On the rocks: nutrient uptake from the planetary crust
- Event time: 1:00pm
- Event date: 30th September 2013
- Speaker: Casey Bryce (Formerly School of Physics & Astronomy, University of Edinburgh)
- Location: Room 2511, James Clerk Maxwell Building (JCMB) James Clerk Maxwell Building Peter Guthrie Tait Road Edinburgh EH9 3FD GB
Multicellular plants and animals which characterise the modern biosphere are but a recent addition to the diversity of life on the Earth. For approximately 3 billion years of Earth’s history, the land masses were colonised exclusively by microorganisms. For these early colonisers, the rocks which comprise the planet’s crust were an essential source of nutrients without which the Earth’s surface would have been uninhabitable. I have used a technique known as proteomics to investigate the cellular mechanisms involved in nutrient uptake from volcanic rock.
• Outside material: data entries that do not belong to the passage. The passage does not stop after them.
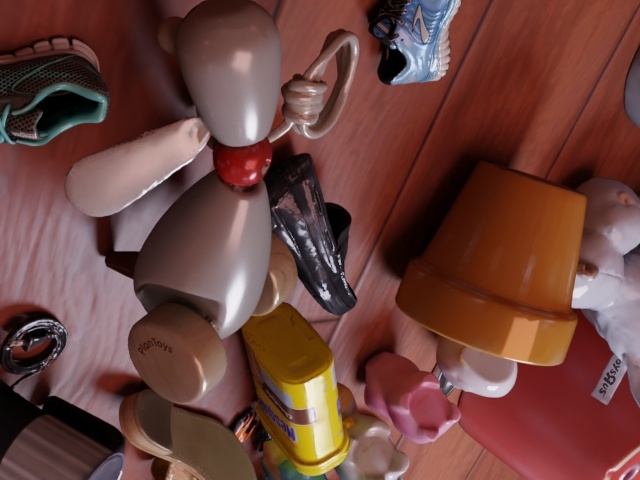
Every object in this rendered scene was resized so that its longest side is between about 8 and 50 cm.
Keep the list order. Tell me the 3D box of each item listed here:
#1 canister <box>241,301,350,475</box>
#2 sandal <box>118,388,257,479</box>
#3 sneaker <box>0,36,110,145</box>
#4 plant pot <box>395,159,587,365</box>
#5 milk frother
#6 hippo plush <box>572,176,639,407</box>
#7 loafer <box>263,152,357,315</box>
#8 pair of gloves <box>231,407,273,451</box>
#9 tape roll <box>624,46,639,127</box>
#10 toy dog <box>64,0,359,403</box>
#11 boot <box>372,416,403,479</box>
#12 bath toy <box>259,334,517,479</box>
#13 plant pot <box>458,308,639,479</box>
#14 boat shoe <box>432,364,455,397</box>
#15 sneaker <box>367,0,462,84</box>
[{"bbox_3d":[-0.028,0.163,1.012,0.073,0.126,0.170,-27,137,-19],"label":"canister"},{"bbox_3d":[-0.164,0.238,1.021,0.079,0.088,0.240,-19,140,20],"label":"sandal"},{"bbox_3d":[-0.223,-0.093,0.635,0.166,0.076,0.065,-24,137,-23],"label":"sneaker"},{"bbox_3d":[0.211,0.016,1.045,0.205,0.205,0.188,7,105,-45],"label":"plant pot"},{"bbox_3d":[-0.237,0.160,0.812,0.129,0.134,0.143,-48,160,-51],"label":"milk frother"},{"bbox_3d":[0.374,0.043,1.239,0.236,0.234,0.294,32,87,-21],"label":"hippo plush"},{"bbox_3d":[0.000,0.000,0.920,0.078,0.076,0.223,-32,138,-2],"label":"loafer"},{"bbox_3d":[-0.079,0.233,1.124,0.083,0.010,0.074,4,121,-47],"label":"pair of gloves"},{"bbox_3d":[0.488,-0.221,1.153,0.219,0.072,0.219,-25,139,-24],"label":"tape roll"},{"bbox_3d":[-0.110,-0.040,0.735,0.220,0.161,0.334,-27,136,-63],"label":"toy dog"},{"bbox_3d":[0.098,0.351,1.299,0.095,0.123,0.258,-38,142,-8],"label":"boot"},{"bbox_3d":[0.092,0.212,1.167,0.348,0.151,0.129,-31,175,-22],"label":"bath toy"},{"bbox_3d":[0.386,0.272,1.387,0.275,0.243,0.275,-23,138,-23],"label":"plant pot"},{"bbox_3d":[0.198,0.174,1.290,0.049,0.040,0.142,-4,127,-40],"label":"boat shoe"},{"bbox_3d":[0.080,-0.202,0.816,0.073,0.063,0.162,-23,138,-19],"label":"sneaker"}]
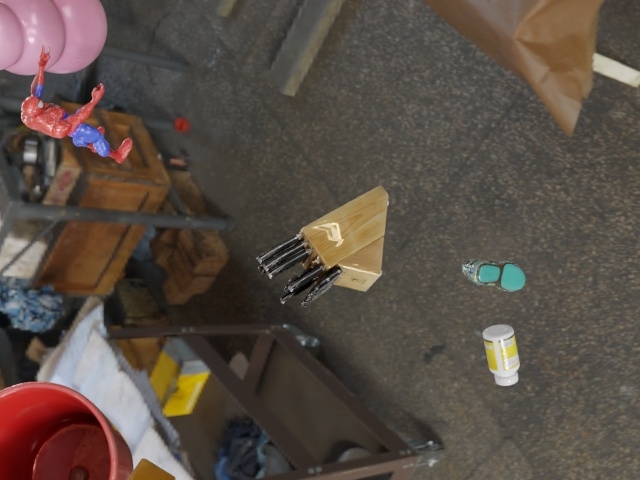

I will discuss the results of this study with particular emphasis on the apparent requirement for tight regulatory control on both toxic heavy metals and essential nutrients in rocky environments.
This is a weekly series of informal talks given primarily by members of the soft condensed matter and statistical mechanics groups, but is also open to members of other groups and external visitors. The aim of the series is to promote discussion and learning of various topics at a level suitable to the broad background of the group. Everyone is welcome to attend..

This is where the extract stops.